Insisting parents should not have to choose between their jobs and their children, President Clinton on Wednesday proposed what he deemed a record investment in child care - $22 billion to make care more affordable, accessible and safe. “There is no more important job than raising a child,” Clinton said. But as more and more parents work out of choice or necessity, he lamented the nation has failed to help them.
“We know the government cannot raise or love a child, but that is not what we’re supposed to do,” Clinton said after entering the White House East Room with a group of young children. “What the government is supposed to do is to help to create the conditions and give people the tools that will enable them to raise and love their children while successfully participating in the American workplace.”
Clinton is asking Congress for $21.7 billion over five years - “the single largest national commitment to child care in the history of the United States” - to help parents and businesses pay for care, to improve the quality of care, to expand Head Start and to increase after-school care.

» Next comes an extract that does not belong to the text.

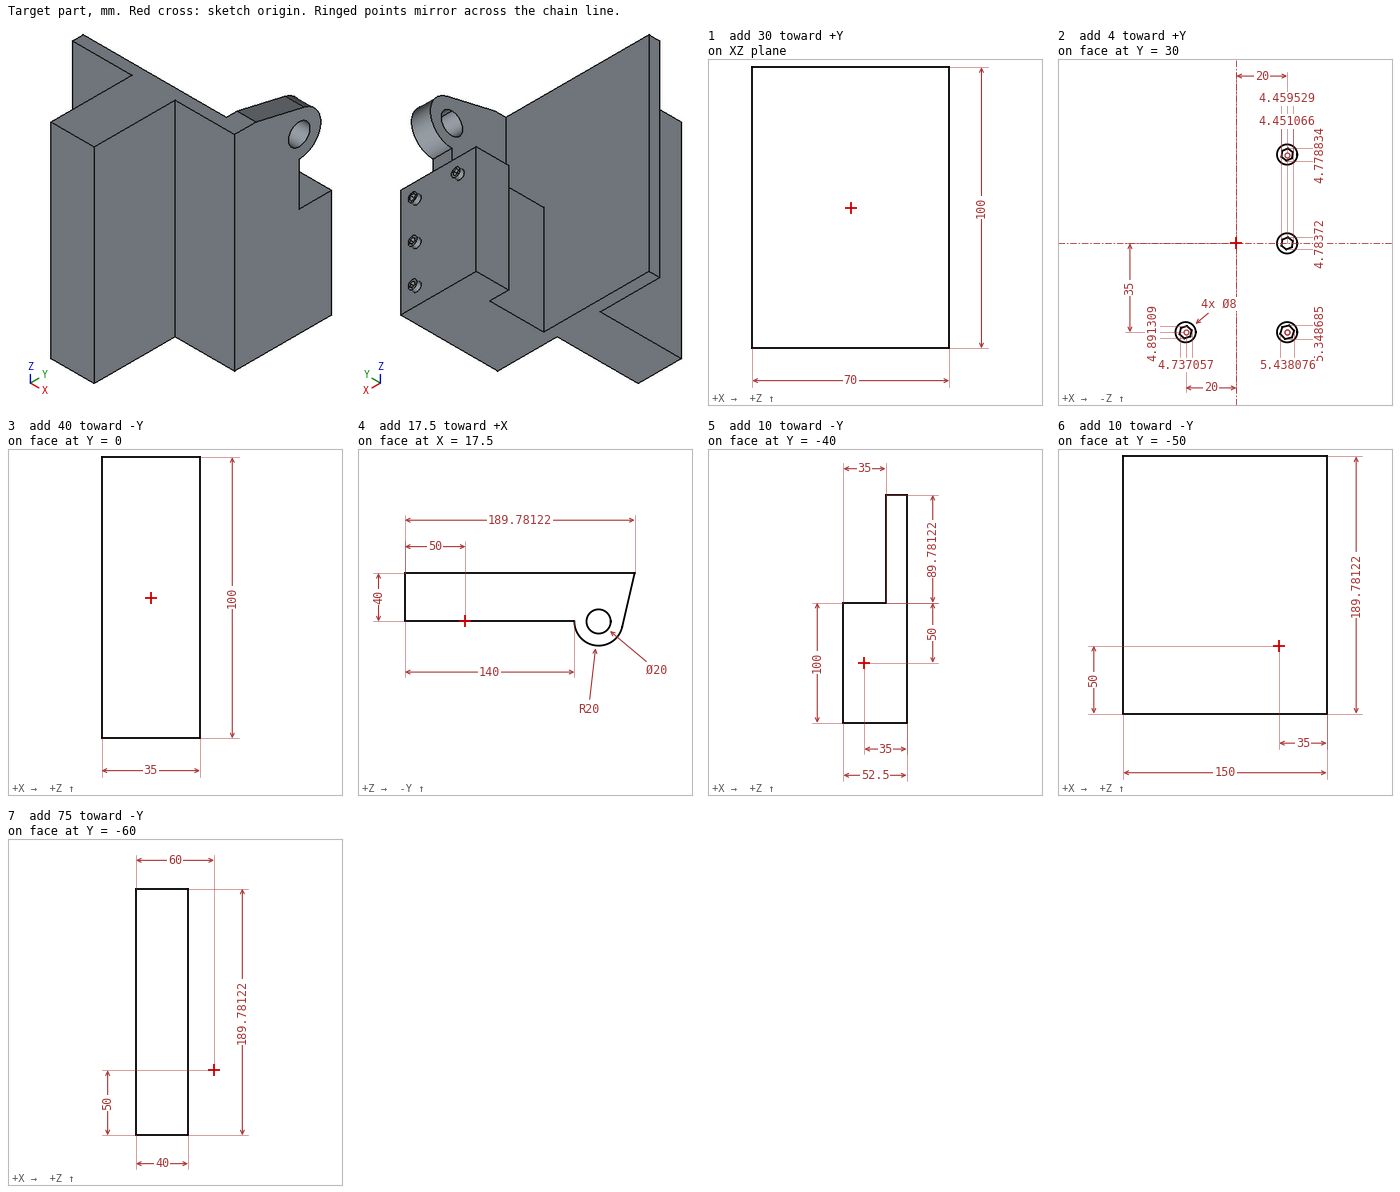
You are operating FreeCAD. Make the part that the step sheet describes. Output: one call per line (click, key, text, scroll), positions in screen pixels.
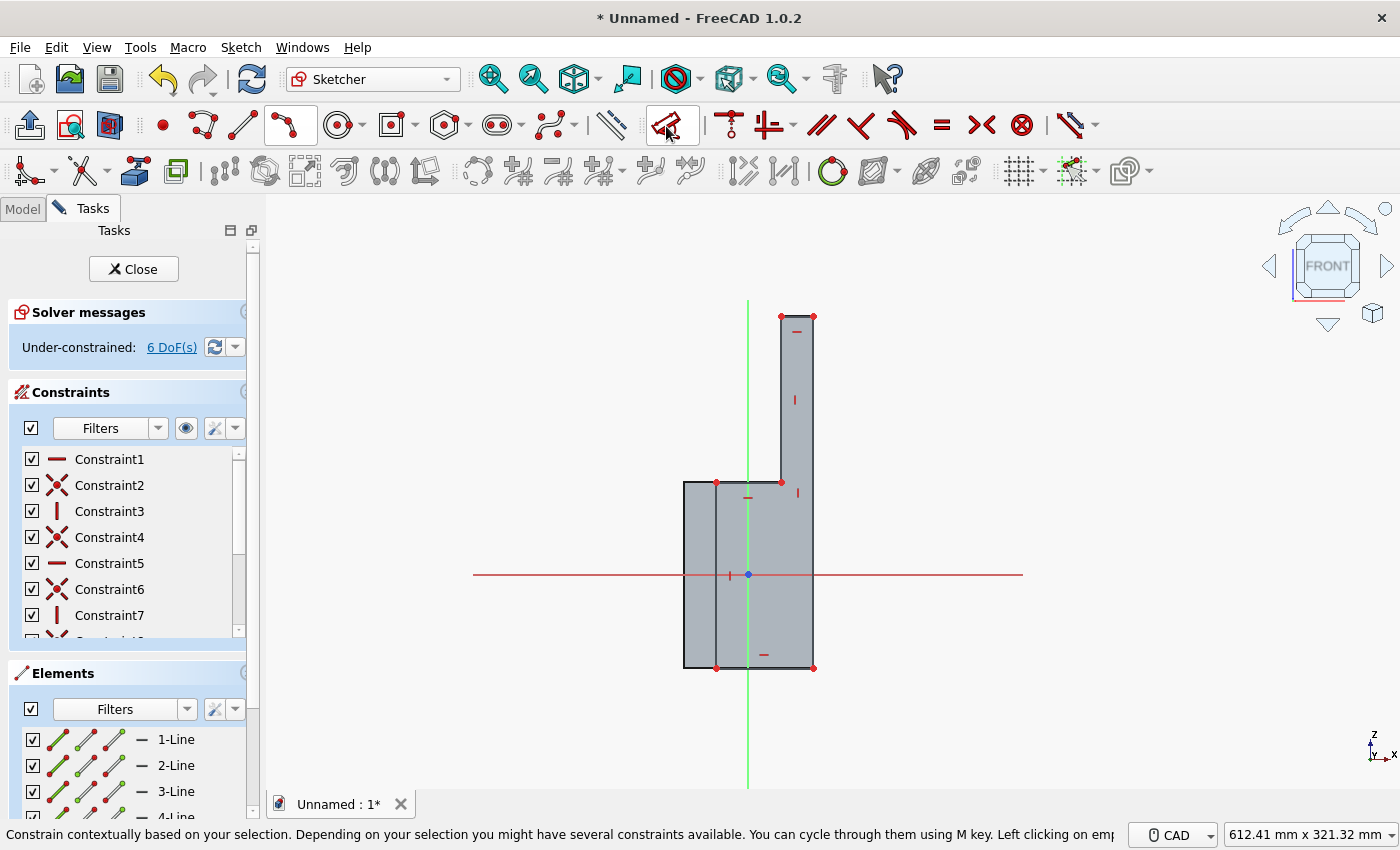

Child-care advocates said the proposal, if enacted, would be a breakthrough in how the nation treats working parents and their children.
“It is an amazing stride forward,” said Matthew Melmed, of Zero to Three, a nonprofit group in Washington, D.C., that works on behalf of infants and toddlers. “It squarely puts the federal government in the role of helping parents.”
Under the proposal, Clinton would spend $7.5 billion to double to 2 million the number of children whose low-income parents receive child-care subsidies under a block grant to the states.
Another $5.2 billion would go to increase tax credits to 3 million working families who earn less than $60,000 a year. They would receive an average of $358 more for child care than they do under existing tax credits, according to White House officials.
Families earning $50,000 or less could claim half their child-care costs, up to $2,400 for one child and $4,800 for two or more children. Families earning up to $60,000 could claim varying percentages of the cost, depending on their income. And those earning more, including the nation’s wealthiest families, could claim 20 percent of their costs, as they do now.
The proposal would eliminate federal taxes for most families with incomes below 200 percent of the poverty level - $35,000 for a family of four - that claim the maximum child-care expenses.
In addition, Clinton would provide an incentive for businesses to provide child-care services, with a tax credit for 25 percent of their costs, up to $150,000 a year.